Aussi, les 26 États membres restants risquent de ne pas vouloir subir les humeurs françaises en matière de politique européenne. Si elle est élue, « l’Europe sera très secouée », concède Daniel Desesquelle, mais « la politique de la chaise vide ne permet pas d’imposer ses vues » aux autres partenaires.

Des alliés en Europe ?

À l’exception de quelques « alliés » ? C’est du moins ce qu’espèrent les soutiens de Marine Le Pen en charge du dossier européen : entre la Pologne et la Hongrie, disent-ils, mais aussi le Danemark en ce qui concerne l’immigration, une nouvelle Europe serait possible.

En réalité, entre la division des extrêmes droites européennes et le fait qu’elles ne sont largement pas au pouvoir dans leurs pays, il y a avant tout « un risque d’impuissance et d’isolement » de la France si Marine Le Pen était élue. « Le seul vrai allié de Mme Le Pen, c’est la Hongrie », nuance M. Desesquelle, en écartant l’idée que la Pologne puisse être un soutien sans faille d’un gouvernement lepéniste, eu égard des différences de point de vue sur la Russie de Vladimir Poutine.

Avec la Hongrie et la France alliées contre les vingt-cinq autres pays, « l’arrivée de Marine Le Pen [à l’Élysée] va compliquer, va déstabiliser les autres Européens », conclut-il sur ce point.

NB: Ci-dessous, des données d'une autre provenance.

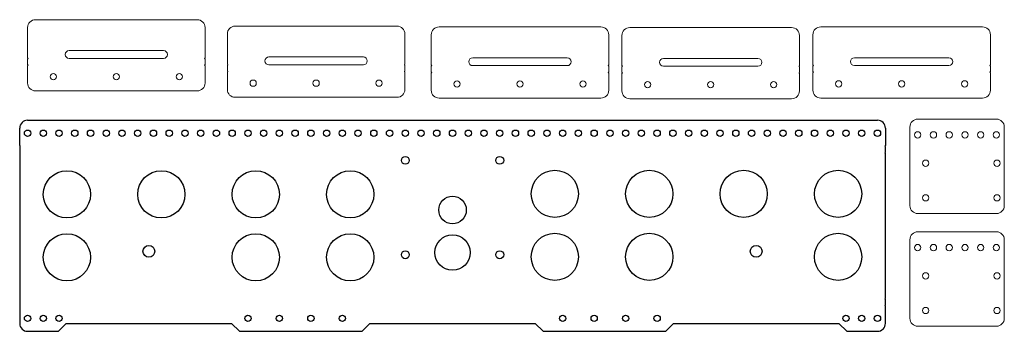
# Model space of a CAD drawing. Header units: inches. Extents: x -13 to 18.3, y -17.3 to -7.4.
import ezdxf

# ---------------------------------------------------------------- set-up
doc = ezdxf.new("R2010")
doc.units = ezdxf.units.IN
doc.header["$MEASUREMENT"] = 0

msp = doc.modelspace()

# ---------------------------------------------------------------- linework, layer by layer
at = {"color": 7, "linetype": 'Continuous', "lineweight": 15}
for p, q in [((-7.326, -7.432), (-12.466, -7.432)), ((-12.716, -7.682), (-12.716, -8.647)), ((-7.076, -8.647), (-7.076, -7.682)), ((-0.979, -7.636), (-6.119, -7.636)), ((5.497, -7.662), (0.357, -7.662)), ((11.556, -7.681), (6.416, -7.681)), ((17.622, -7.659), (12.482, -7.659)), ((-6.369, -7.886), (-6.369, -8.851)), ((-0.729, -8.851), (-0.729, -7.886)), ((0.107, -7.912), (0.107, -8.877)), ((5.747, -8.877), (5.747, -7.912)), ((6.166, -7.931), (6.166, -8.896)), ((11.806, -8.896), (11.806, -7.931)), ((12.232, -7.909), (12.232, -8.874)), ((17.872, -8.874), (17.872, -7.909)), ((-11.396, -8.412), (-8.396, -8.412)), ((-12.716, -8.859), (-12.716, -8.677)), ((-11.396, -8.662), (-8.396, -8.662)), ((-7.076, -8.677), (-7.076, -8.859)), ((-5.049, -8.616), (-2.049, -8.616)), ((1.427, -8.642), (4.427, -8.642)), ((7.486, -8.661), (10.486, -8.661)), ((13.552, -8.639), (16.552, -8.639)), ((-12.716, -9.444), (-12.716, -8.889)), ((-7.076, -8.889), (-7.076, -9.444)), ((-6.369, -9.063), (-6.369, -8.881)), ((-5.049, -8.866), (-2.049, -8.866)), ((-0.729, -8.881), (-0.729, -9.063)), ((0.107, -9.089), (0.107, -8.907)), ((1.427, -8.892), (4.427, -8.892)), ((5.747, -8.907), (5.747, -9.089)), ((6.166, -9.108), (6.166, -8.926)), ((7.486, -8.911), (10.486, -8.911)), ((11.806, -8.926), (11.806, -9.108)), ((12.232, -9.086), (12.232, -8.904)), ((13.552, -8.889), (16.552, -8.889)), ((17.872, -8.904), (17.872, -9.086)), ((-6.369, -9.648), (-6.369, -9.093)), ((-0.729, -9.093), (-0.729, -9.648)), ((0.107, -9.674), (0.107, -9.119)), ((5.747, -9.119), (5.747, -9.674)), ((6.166, -9.693), (6.166, -9.138)), ((11.806, -9.138), (11.806, -9.693)), ((12.232, -9.671), (12.232, -9.116)), ((17.872, -9.116), (17.872, -9.671)), ((-7.326, -9.694), (-12.466, -9.694)), ((-0.979, -9.898), (-6.119, -9.898)), ((5.497, -9.924), (0.357, -9.924)), ((11.556, -9.943), (6.416, -9.943)), ((17.622, -9.921), (12.482, -9.921)), ((18.063, -10.591), (15.563, -10.591)), ((15.313, -10.841), (15.313, -13.341)), ((18.313, -13.341), (18.313, -10.841)), ((15.563, -13.591), (18.063, -13.591)), ((18.063, -14.171), (15.563, -14.171)), ((15.313, -14.421), (15.313, -16.921)), ((18.313, -16.921), (18.313, -14.421)), ((15.563, -17.171), (18.063, -17.171))]:
    msp.add_line(p, q, dxfattribs=at)
at = {"color": 7, "linetype": 'Continuous', "lineweight": 25}
for p, q in [((-12.716, -10.628), (14.284, -10.628)), ((-12.966, -11.433), (-12.966, -10.878)), ((14.534, -10.878), (14.534, -11.433)), ((-12.966, -11.463), (-12.966, -11.645)), ((14.534, -11.645), (14.534, -11.463)), ((-12.966, -11.675), (-12.966, -16.285)), ((14.534, -16.255), (14.534, -11.675)), ((14.534, -16.255), (14.534, -16.255)), ((14.534, -16.285), (14.534, -16.255)), ((-12.966, -16.315), (-12.966, -16.497)), ((-12.966, -16.527), (-12.966, -17.082)), ((14.534, -16.497), (14.534, -16.315)), ((14.534, -17.082), (14.534, -16.527)), ((-11.738, -17.332), (-11.488, -17.082)), ((-11.488, -17.082), (-6.238, -17.082)), ((-6.238, -17.082), (-5.988, -17.332)), ((-2.091, -17.332), (-1.841, -17.082)), ((-1.841, -17.082), (3.409, -17.082)), ((3.409, -17.082), (3.659, -17.332)), ((7.556, -17.332), (7.806, -17.082)), ((7.806, -17.082), (13.056, -17.082)), ((13.056, -17.082), (13.306, -17.332)), ((-12.716, -17.332), (-11.738, -17.332)), ((-5.988, -17.332), (-2.091, -17.332)), ((3.659, -17.332), (7.556, -17.332)), ((13.306, -17.332), (14.284, -17.332))]:
    msp.add_line(p, q, dxfattribs=at)
at = {"color": 7, "linetype": 'Continuous', "lineweight": 15}
for centre in [(-11.896, -9.244), (-9.896, -9.244), (-7.896, -9.244), (-5.549, -9.448), (-3.549, -9.448), (-1.549, -9.448), (0.927, -9.474), (2.927, -9.474), (4.927, -9.474), (13.052, -9.471), (15.052, -9.471), (17.052, -9.471), (6.986, -9.493), (8.986, -9.493), (10.986, -9.493), (15.563, -11.091), (16.063, -11.091), (16.563, -11.091), (17.063, -11.091), (17.563, -11.091), (18.063, -11.091), (15.813, -11.991), (18.083, -11.991), (15.813, -13.091), (18.083, -13.091), (15.563, -14.671), (16.063, -14.671), (16.563, -14.671), (17.063, -14.671), (17.563, -14.671), (18.063, -14.671), (15.813, -15.571), (18.083, -15.571), (15.813, -16.671), (18.083, -16.671)]:
    msp.add_circle(centre, 0.1, dxfattribs=at)
at = {"color": 7, "linetype": 'Continuous', "lineweight": 25}
for centre, radius in [((-12.716, -11.038), 0.1), ((-12.216, -11.038), 0.1), ((-11.716, -11.038), 0.1), ((-11.216, -11.038), 0.1), ((-10.716, -11.038), 0.1), ((-10.216, -11.038), 0.1), ((-9.716, -11.038), 0.1), ((-9.216, -11.038), 0.1), ((-8.716, -11.038), 0.1), ((-8.216, -11.038), 0.1), ((-7.716, -11.038), 0.1), ((-7.216, -11.038), 0.1), ((-6.716, -11.038), 0.1), ((-6.216, -11.038), 0.1), ((-5.716, -11.038), 0.1), ((-5.216, -11.038), 0.1), ((-4.716, -11.038), 0.1), ((-4.216, -11.038), 0.1), ((-3.716, -11.038), 0.1), ((-3.216, -11.038), 0.1), ((-2.716, -11.038), 0.1), ((-2.216, -11.038), 0.1), ((-1.716, -11.038), 0.1), ((-1.216, -11.038), 0.1), ((-0.716, -11.038), 0.1), ((-0.216, -11.038), 0.1), ((0.284, -11.038), 0.1), ((0.784, -11.038), 0.1), ((1.284, -11.038), 0.1), ((1.784, -11.038), 0.1), ((2.284, -11.038), 0.1), ((2.784, -11.038), 0.1), ((3.284, -11.038), 0.1), ((3.784, -11.038), 0.1), ((4.284, -11.038), 0.1), ((4.784, -11.038), 0.1), ((5.284, -11.038), 0.1), ((5.784, -11.038), 0.1), ((6.284, -11.038), 0.1), ((6.784, -11.038), 0.1), ((7.284, -11.038), 0.1), ((7.784, -11.038), 0.1), ((8.284, -11.038), 0.1), ((8.784, -11.038), 0.1), ((9.284, -11.038), 0.1), ((9.784, -11.038), 0.1), ((10.284, -11.038), 0.1), ((10.784, -11.038), 0.1), ((11.284, -11.038), 0.1), ((11.784, -11.038), 0.1), ((12.284, -11.038), 0.1), ((12.784, -11.038), 0.1), ((13.284, -11.038), 0.1), ((13.784, -11.038), 0.1), ((14.284, -11.038), 0.1), ((-0.716, -11.9), 0.125), ((2.284, -11.9), 0.125), ((-11.466, -12.98), 0.75), ((-8.466, -12.98), 0.75), ((-5.466, -12.98), 0.75), ((-2.466, -12.98), 0.75), ((4.034, -12.965), 0.75), ((7.034, -12.965), 0.75), ((10.034, -12.965), 0.75), ((13.034, -12.965), 0.75), ((0.784, -13.477), 0.438), ((-11.466, -14.98), 0.75), ((-5.466, -14.98), 0.75), ((-2.466, -14.98), 0.75), ((0.784, -14.83), 0.562), ((4.034, -14.965), 0.75), ((7.034, -14.965), 0.75), ((13.034, -14.965), 0.75), ((-8.863, -14.79), 0.187), ((10.43, -14.79), 0.188), ((-0.716, -14.9), 0.125), ((2.284, -14.9), 0.125), ((-12.716, -16.922), 0.1), ((-12.216, -16.922), 0.1), ((-11.716, -16.922), 0.1), ((-5.716, -16.922), 0.1), ((-4.716, -16.922), 0.1), ((-3.716, -16.922), 0.1), ((-2.716, -16.922), 0.1), ((4.284, -16.922), 0.1), ((5.284, -16.922), 0.1), ((6.284, -16.922), 0.1), ((7.284, -16.922), 0.1), ((13.284, -16.922), 0.1), ((13.784, -16.922), 0.1), ((14.284, -16.922), 0.1)]:
    msp.add_circle(centre, radius, dxfattribs=at)
at = {"color": 7, "linetype": 'Continuous', "lineweight": 15}
for centre, radius, start, end in [((-12.466, -7.682), 0.25, 90, 180), ((-7.326, -7.682), 0.25, 0, 90), ((-6.119, -7.886), 0.25, 90, 180), ((-0.979, -7.886), 0.25, 0, 90), ((0.357, -7.912), 0.25, 90, 180), ((5.497, -7.912), 0.25, 0, 90), ((6.416, -7.931), 0.25, 90, 180), ((11.556, -7.931), 0.25, 0, 90), ((12.482, -7.909), 0.25, 90, 180), ((17.622, -7.909), 0.25, 0, 90), ((-11.396, -8.537), 0.125, 90, 270), ((-8.396, -8.537), 0.125, 270, 90), ((-12.716, -8.662), 0.015, 270, 90), ((-7.076, -8.662), 0.015, 90, 270), ((-5.049, -8.741), 0.125, 90, 270), ((-2.049, -8.741), 0.125, 270, 90), ((1.427, -8.767), 0.125, 90, 270), ((4.427, -8.767), 0.125, 270, 90), ((7.486, -8.786), 0.125, 90, 270), ((10.486, -8.786), 0.125, 270, 90), ((13.552, -8.764), 0.125, 90, 270), ((16.552, -8.764), 0.125, 270, 90), ((-12.716, -8.874), 0.015, 270, 90), ((-7.076, -8.874), 0.015, 90, 270), ((-6.369, -8.866), 0.015, 270, 90), ((-6.369, -9.078), 0.015, 270, 90), ((-0.729, -8.866), 0.015, 90, 270), ((-0.729, -9.078), 0.015, 90, 270), ((0.107, -8.892), 0.015, 270, 90), ((5.747, -8.892), 0.015, 90, 270), ((6.166, -8.911), 0.015, 270, 90), ((11.806, -8.911), 0.015, 90, 270), ((12.232, -8.889), 0.015, 270, 90), ((17.872, -8.889), 0.015, 90, 270), ((0.107, -9.104), 0.015, 270, 90), ((5.747, -9.104), 0.015, 90, 270), ((6.166, -9.123), 0.015, 270, 90), ((11.806, -9.123), 0.015, 90, 270), ((12.232, -9.101), 0.015, 270, 90), ((17.872, -9.101), 0.015, 90, 270), ((-12.466, -9.444), 0.25, 180, 270), ((-7.326, -9.444), 0.25, 270, 0), ((-6.119, -9.648), 0.25, 180, 270), ((-0.979, -9.648), 0.25, 270, 0), ((0.357, -9.674), 0.25, 180, 270), ((5.497, -9.674), 0.25, 270, 0), ((6.416, -9.693), 0.25, 180, 270), ((11.556, -9.693), 0.25, 270, 0), ((12.482, -9.671), 0.25, 180, 270), ((17.622, -9.671), 0.25, 270, 0), ((15.563, -10.841), 0.25, 90, 180), ((18.063, -10.841), 0.25, 0, 90), ((15.563, -13.341), 0.25, 180, 270), ((18.063, -13.341), 0.25, 270, 0), ((15.563, -14.421), 0.25, 90, 180), ((18.063, -14.421), 0.25, 0, 90), ((15.563, -16.921), 0.25, 180, 270), ((18.063, -16.921), 0.25, 270, 0)]:
    msp.add_arc(centre, radius, start, end, dxfattribs=at)
at = {"color": 7, "linetype": 'Continuous', "lineweight": 25}
for centre, radius, start, end in [((-12.716, -10.878), 0.25, 90, 180), ((14.284, -10.878), 0.25, 0, 90), ((-12.966, -11.448), 0.015, 270, 90), ((14.534, -11.448), 0.015, 90, 270), ((-12.966, -11.66), 0.015, 270, 90), ((14.534, -11.66), 0.015, 90, 270), ((-12.966, -16.3), 0.015, 270, 90), ((-12.966, -16.512), 0.015, 270.0003, 90.0005), ((14.534, -16.3), 0.015, 90.0003, 270.0003), ((14.534, -16.512), 0.015, 90.0003, 270.0003), ((-12.716, -17.082), 0.25, 180.0003, 270.0003), ((14.284, -17.082), 0.25, 270.0003, 0.0003)]:
    msp.add_arc(centre, radius, start, end, dxfattribs=at)

doc.saveas('drawing.dxf')

Et quel avenir pour la PFUE ? Entre les élections législatives à organiser et moins de deux mois avant la fin de la présidence française, qui s’achève le 30 juin, Daniel Desesquelle considère qu’« il n’y aura plus de PFUE politique […] elle est morte dans l’œuf », à part peut-être « un petit coup d’éclat symbolique », si Mme Le Pen était élue.

Ce constat est partagé par un haut fonctionnaire français et connaisseur des dossiers européens, qui n’a pas souhaité commenter davantage. L’équipe de campagne de Marine Le Pen n’a pas donné suite aux sollicitations d’EURACTIV France sur leurs projets liés à la PFUE.